Общественные настроения были не только реалистичны в оценке ситуации, сложившейся в чиновном мире, но даже конструктивны в способах ее разрешения. М.Я. фон Фок писал о столичных разговорах: «Виновные будут постоянно повторять один и тот же припев: «Дайте нам обеспеченное положение, соответствующее той службе, какую от нас требуют, и тогда удвойте строгость во всем, что касается точности исполнения наших обязанностей». В то же время всеми понималось, что средств для повышения окладов в государственной росписи нет, поэтому выдвигались идеи, как найти средства (обложить 10 %-м сбором пенсии свыше 1000 руб., увеличить судебные пошлины, взыскивать налог с отдельных видов земельных пожалований и др.)[285].
Глобальность общественного зла не позволяла верить в скорое его искоренение. М.Я. фон Фок пересказывал наблюдение столичного общества о коррупции в чиновной среде снизу доверху: «Возможно ли требовать, чтобы какой-нибудь чиновник, избалованный роскошью и образом жизни нашего времени, устоял бы против соблазна и разыгрывал бы, весьма некстати, роль Катона, тогда как начальники его подают ему пример и загребают обеими руками?» Взяточники хоть и «всеми презираемы, […] но они сильны своими денежными средствами и своими связями»[286].

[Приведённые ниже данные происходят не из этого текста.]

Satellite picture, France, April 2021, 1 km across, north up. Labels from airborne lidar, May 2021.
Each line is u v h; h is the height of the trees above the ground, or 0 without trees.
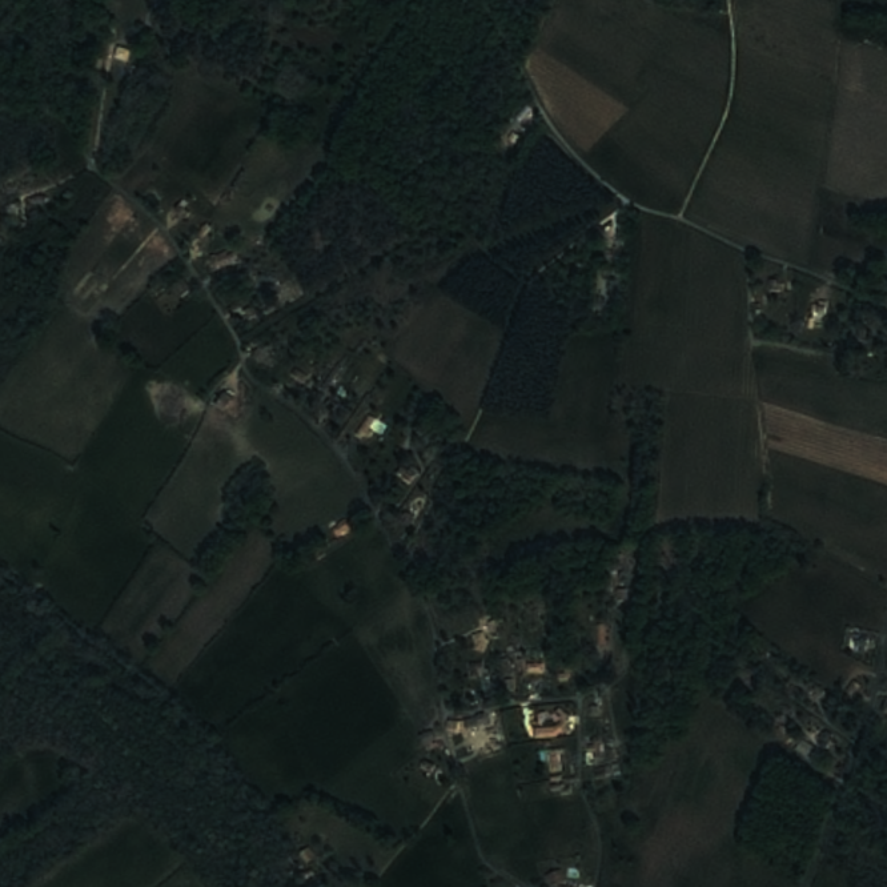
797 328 12
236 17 12
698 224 0
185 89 0
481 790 0
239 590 0
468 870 0
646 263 0
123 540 0
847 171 0
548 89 0
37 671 18
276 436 0
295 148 15
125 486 0
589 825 0
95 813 23
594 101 0
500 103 24
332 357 5
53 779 0
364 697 0
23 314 12
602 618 9
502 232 17
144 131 15
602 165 0
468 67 18
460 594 17
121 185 0
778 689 19
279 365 0
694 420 0
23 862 16
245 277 14
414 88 22
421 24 14
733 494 0
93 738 25
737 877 0
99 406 0
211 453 0
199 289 16
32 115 19
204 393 9
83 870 0
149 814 19
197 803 19
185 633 0
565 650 20
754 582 26
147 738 21
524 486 17
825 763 19
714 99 0
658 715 22
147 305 0
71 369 0
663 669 26
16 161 23
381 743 0
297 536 0
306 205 14
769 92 0
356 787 0
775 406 0
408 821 0
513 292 15
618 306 21
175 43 10
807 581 0
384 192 16
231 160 0
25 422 0
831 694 9
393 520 13
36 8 17
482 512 20
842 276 20
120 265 0
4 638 19
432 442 15
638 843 0
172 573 0
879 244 0
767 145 0
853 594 0
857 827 21
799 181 0
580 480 16
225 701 0
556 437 0
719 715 0
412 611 0
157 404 0
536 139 21
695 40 0
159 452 0
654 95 0
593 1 0
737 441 0
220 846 18
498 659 14
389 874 0
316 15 9
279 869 13
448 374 0
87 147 18
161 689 19
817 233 0
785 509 0
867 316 20
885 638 0
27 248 9
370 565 0
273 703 0
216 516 0
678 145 0
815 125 0
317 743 0
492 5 15
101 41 19
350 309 7
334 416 16
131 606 0
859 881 9
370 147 20
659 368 0
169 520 0
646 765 17
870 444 0
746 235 0
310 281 17
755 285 8
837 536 0
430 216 14
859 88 0
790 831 25
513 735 7
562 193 18
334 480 0
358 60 10
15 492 0
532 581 25
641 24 0
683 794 0
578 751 0
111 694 17
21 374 0
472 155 18
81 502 0
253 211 0
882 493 0
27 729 24
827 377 0
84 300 0
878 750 8
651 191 0
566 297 13
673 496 0
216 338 0
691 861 0
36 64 20
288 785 0
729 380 0
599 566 21
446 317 0
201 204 0
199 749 18
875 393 0
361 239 17
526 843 0
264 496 21
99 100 22
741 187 0
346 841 0
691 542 24
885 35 0
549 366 14
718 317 0
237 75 7
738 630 26
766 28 0
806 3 0
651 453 12
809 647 0
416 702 0
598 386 0
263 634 0
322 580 0
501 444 0
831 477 0
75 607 0
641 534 17
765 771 18
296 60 10
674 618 23
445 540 16
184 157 0
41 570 13
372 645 0
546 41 0
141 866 0
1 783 0
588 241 18
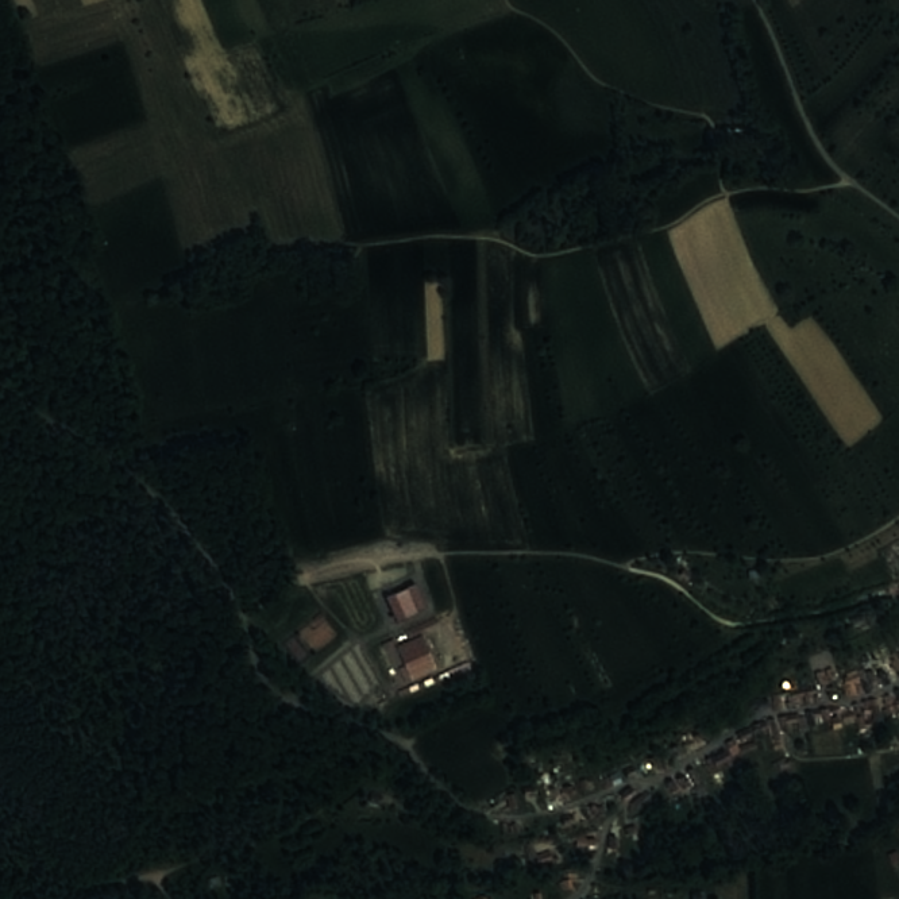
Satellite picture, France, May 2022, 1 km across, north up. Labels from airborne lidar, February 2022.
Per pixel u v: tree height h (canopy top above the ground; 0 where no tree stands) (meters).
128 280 0
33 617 30
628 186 15
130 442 28
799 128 0
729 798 20
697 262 0
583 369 0
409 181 0
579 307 0
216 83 0
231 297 20
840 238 0
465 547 0
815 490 0
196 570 32
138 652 35
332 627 0
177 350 0
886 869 0
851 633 6
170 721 32
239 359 0
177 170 0
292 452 0
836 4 0
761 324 0
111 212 0
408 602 0
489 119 0
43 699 13
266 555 13
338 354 0
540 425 0
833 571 0
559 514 0
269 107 0
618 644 0
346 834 0
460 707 17
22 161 30
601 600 0
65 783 16
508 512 0
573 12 0
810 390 0
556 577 0
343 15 0
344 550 0
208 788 33
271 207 0
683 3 0
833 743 0
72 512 29
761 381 0
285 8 0
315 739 32
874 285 0
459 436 0
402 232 0
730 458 0
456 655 0
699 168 16
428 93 0
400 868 21
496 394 0
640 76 0
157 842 10
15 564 27
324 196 0
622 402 0
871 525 0
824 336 0
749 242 0
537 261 0
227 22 0
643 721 8
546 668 0
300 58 0
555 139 0
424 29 0
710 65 0
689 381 0
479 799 0
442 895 15
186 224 0
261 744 33
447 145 0
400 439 0
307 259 29
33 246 13
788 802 16
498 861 0
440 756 0
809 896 0
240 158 0
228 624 27
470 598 0
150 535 26
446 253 0
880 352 0
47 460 26
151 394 0
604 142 0
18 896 27
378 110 0
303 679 27
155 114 0
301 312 0
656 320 0
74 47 0
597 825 0
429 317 0
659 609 0
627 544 0
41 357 29
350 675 0
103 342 17
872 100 6
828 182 0
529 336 0
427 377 0
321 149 0
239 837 30
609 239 20
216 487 29
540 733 27
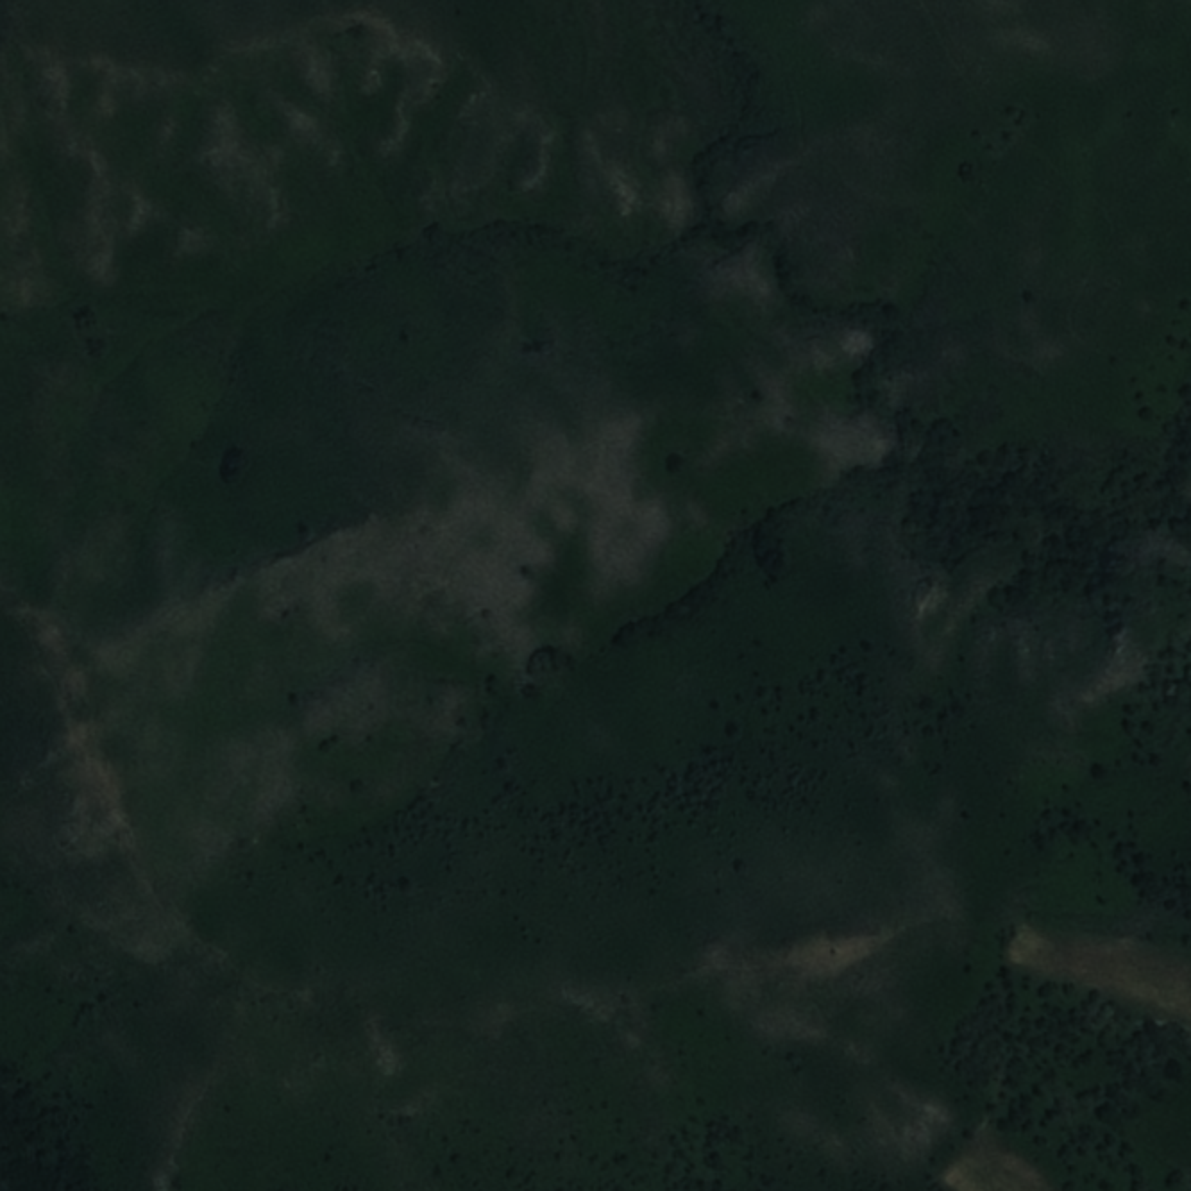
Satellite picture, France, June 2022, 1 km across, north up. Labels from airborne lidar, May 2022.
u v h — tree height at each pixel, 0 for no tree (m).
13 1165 15
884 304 9
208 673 0
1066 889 0
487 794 0
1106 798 0
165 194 0
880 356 11
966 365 0
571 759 0
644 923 0
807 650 0
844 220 0
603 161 0
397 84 0
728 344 0
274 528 0
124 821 0
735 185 0
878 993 0
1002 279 0
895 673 0
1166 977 0
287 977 0
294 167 0
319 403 0
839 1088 0
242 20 0
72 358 0
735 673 0
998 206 0
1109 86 0
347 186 0
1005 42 0
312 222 0
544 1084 0
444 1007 0
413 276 0
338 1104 0
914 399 0
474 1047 0
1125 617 10
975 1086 10
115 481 0
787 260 10
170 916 0
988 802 0
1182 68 0
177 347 0
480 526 0
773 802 7
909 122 0
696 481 0
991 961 0
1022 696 0
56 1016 0
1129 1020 12
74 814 0
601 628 0
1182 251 0
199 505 0
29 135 0
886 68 0
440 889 0
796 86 0
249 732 0
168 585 0
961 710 12
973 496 13
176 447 0
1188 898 12
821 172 0
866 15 0
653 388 0
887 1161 0
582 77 0
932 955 0
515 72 0
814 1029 0
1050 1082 13
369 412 0
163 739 0
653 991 0
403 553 0
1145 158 0
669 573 0
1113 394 0
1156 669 12
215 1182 0
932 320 0
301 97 0
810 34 0
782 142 0
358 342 0
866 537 0
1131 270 0
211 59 0
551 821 6
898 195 0
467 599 0
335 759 0
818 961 0
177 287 0
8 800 0
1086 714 0
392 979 0
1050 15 0
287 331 0
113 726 0
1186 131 0
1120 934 0
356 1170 0
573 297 0
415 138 0
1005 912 0
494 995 0
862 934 0
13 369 0
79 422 0
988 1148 0
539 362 0
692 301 0
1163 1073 15
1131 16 0
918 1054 0
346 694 0
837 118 0
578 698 0
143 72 0
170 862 0
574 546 0
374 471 0
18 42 0
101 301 0
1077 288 0
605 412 0
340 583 0
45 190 0
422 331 0
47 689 0
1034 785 0
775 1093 0
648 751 0
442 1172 9
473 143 0
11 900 0
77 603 0
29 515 0
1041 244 0
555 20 0
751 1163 11
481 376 0
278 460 0
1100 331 0
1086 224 0
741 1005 0
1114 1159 11
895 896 0
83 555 0
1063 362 0
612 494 0
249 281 0
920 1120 0
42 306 0
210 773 0
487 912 0
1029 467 15
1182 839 0
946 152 0
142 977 0
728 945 0
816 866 0
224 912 0
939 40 0
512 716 0
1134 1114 16
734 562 8
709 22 10
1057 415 0
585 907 0
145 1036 0
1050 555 8
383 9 0
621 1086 0
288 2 0
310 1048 0
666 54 0
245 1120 0
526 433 0
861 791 0
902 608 0
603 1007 0
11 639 0
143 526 0
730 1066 0
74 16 0
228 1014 0
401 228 0
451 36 0
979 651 0
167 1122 0
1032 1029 11
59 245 0
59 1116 8
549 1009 0
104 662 0
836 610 0
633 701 0
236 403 0
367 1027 0
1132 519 16
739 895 0
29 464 0
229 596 0
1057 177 0
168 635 0
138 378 0
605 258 7
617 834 7
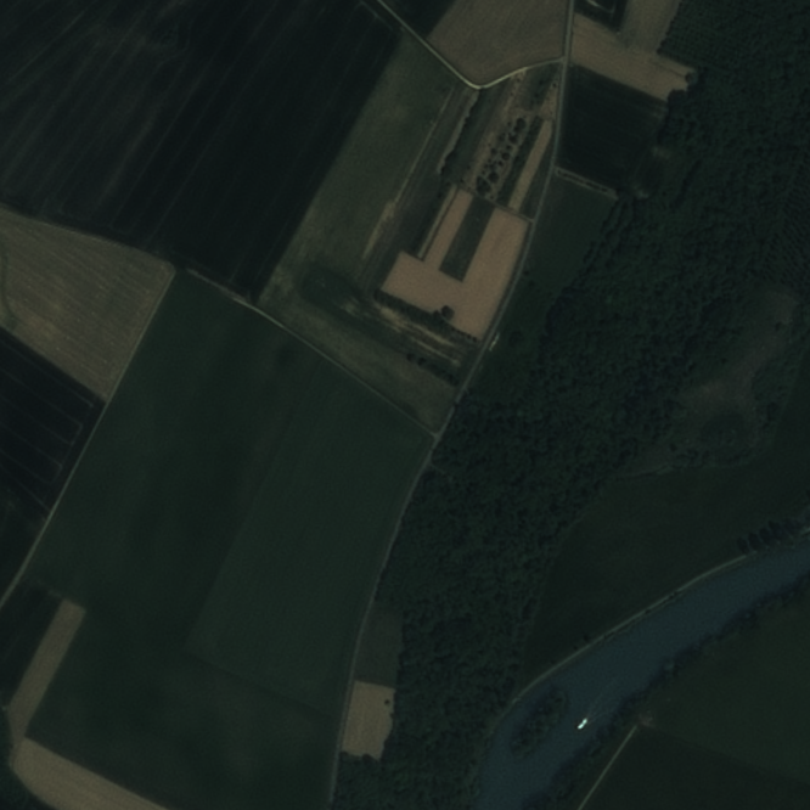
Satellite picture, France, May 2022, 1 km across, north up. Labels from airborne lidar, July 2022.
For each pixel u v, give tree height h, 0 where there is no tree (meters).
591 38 0
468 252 0
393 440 0
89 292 0
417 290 0
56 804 0
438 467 13
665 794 0
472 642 25
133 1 0
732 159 23
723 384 0
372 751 0
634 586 0
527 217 0
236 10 0
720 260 17
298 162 0
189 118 0
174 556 0
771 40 21
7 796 18
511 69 0
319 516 0
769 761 0
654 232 20
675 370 22
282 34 0
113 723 0
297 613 0
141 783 0
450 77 0
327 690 0
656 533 0
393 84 0
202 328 0
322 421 0
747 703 0
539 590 6
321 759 0
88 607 0
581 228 0
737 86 23
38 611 0
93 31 0
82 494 0
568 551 0
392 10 0
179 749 0
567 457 23
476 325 0
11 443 0
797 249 14
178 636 0
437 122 0
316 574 0
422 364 11
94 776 0
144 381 0
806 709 0
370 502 0
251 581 0
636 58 0
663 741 0
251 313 0
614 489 0
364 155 0
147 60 0
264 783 0
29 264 0
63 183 0
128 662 0
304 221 0
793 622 0
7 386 0
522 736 25
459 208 0
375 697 0
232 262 0
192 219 0
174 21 0
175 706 0
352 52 0
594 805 0
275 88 0
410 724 24
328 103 0
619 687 0
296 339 0
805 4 6
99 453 0
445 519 12
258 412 0
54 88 0
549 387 22
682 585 0
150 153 0
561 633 0
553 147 0
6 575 0
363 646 0
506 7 0
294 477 0
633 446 15
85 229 0
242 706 0
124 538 0
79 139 0
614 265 24
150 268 0
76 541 0
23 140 0
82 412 0
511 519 27
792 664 0
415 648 21
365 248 0
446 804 24
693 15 6
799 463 0
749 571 0
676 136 17
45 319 0
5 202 0
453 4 0
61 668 0
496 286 0
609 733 13
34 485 0
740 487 0
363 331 0
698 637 0
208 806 0
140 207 0
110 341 0
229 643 0
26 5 0
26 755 0
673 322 19
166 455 0
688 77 9
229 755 0
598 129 0
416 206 0
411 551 17
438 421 0

Неизвестность, отсутствие какой-либо информации о ходе следствия над лихоимцами порождали пугающие взяточников слухи. М.Я. фон Фок писал: «Зная дурной характер Спасского, многие находятся теперь в смертельной тревоге, […] так как заранее предвидят, что Спасский не задумается компрометировать своих сообщников или тех, кто также вкусил от запретного плода»[287]. Через несколько дней фиксировался новый слух: «Уверяют, что Спасский указал на многих значительных лиц, как на действовавших заодно с ним или занимавшихся доходным, но бесчестным ремеслом вымогательства». Страх перед разоблачением, возможным доносом о ранее совершенном преступлении рисовал мрачные картины: «Говорят, что подсудимые и сообщники их громко ропщут и заявляют, что доносы до такой степени размножаются, что под конец придется допрашивать стены». В то время, когда одни роптали на то, что «не следует прибегать к окольным путям для разоблачения их происков», другие шутили, что «нет ничего проще, как одним чортом погнать другого»; что «широкая сеть закинута на всех сторонников бюрократии. Кажется только […] что сеть эта не Евангельская и что все, попавшее в нее, будет выброшено»[288].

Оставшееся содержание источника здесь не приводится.